WORK REQUEST: Look at the entries below and restate word for word the lines from the first through the one that has "maker: henri rouit".

DATA TO USE:
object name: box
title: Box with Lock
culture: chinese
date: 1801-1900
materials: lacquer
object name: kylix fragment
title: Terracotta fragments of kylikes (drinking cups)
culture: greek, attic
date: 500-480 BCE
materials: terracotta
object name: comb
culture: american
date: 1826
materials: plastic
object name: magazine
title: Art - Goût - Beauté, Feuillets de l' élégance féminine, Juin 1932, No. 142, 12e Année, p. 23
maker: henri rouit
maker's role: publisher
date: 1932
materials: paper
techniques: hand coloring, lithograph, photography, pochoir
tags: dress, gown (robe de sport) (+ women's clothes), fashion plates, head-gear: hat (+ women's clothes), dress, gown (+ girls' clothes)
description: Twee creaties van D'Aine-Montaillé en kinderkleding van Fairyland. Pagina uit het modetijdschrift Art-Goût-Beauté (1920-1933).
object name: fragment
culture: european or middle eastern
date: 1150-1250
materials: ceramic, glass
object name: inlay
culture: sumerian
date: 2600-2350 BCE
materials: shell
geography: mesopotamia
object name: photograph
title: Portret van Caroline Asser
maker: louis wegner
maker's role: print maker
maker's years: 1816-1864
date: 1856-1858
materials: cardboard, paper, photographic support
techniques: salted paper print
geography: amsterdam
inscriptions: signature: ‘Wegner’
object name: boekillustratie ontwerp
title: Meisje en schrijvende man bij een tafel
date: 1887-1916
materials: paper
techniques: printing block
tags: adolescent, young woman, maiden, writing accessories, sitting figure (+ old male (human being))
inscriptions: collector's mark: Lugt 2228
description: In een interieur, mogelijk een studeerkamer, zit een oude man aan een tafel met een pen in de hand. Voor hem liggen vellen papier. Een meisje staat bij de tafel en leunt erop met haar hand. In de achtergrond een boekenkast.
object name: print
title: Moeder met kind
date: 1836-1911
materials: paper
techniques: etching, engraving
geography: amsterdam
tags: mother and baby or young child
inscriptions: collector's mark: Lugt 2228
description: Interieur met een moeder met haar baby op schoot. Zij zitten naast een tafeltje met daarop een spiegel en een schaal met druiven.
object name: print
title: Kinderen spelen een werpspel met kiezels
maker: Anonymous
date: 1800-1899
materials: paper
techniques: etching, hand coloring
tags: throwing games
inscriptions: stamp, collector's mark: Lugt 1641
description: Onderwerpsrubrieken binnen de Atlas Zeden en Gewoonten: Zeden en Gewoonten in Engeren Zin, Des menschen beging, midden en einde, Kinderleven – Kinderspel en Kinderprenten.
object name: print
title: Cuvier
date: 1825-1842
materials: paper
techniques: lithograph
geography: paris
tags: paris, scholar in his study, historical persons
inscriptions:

EXERCISE ANSWER:
object name: box
title: Box with Lock
culture: chinese
date: 1801-1900
materials: lacquer
object name: kylix fragment
title: Terracotta fragments of kylikes (drinking cups)
culture: greek, attic
date: 500-480 BCE
materials: terracotta
object name: comb
culture: american
date: 1826
materials: plastic
object name: magazine
title: Art - Goût - Beauté, Feuillets de l' élégance féminine, Juin 1932, No. 142, 12e Année, p. 23
maker: henri rouit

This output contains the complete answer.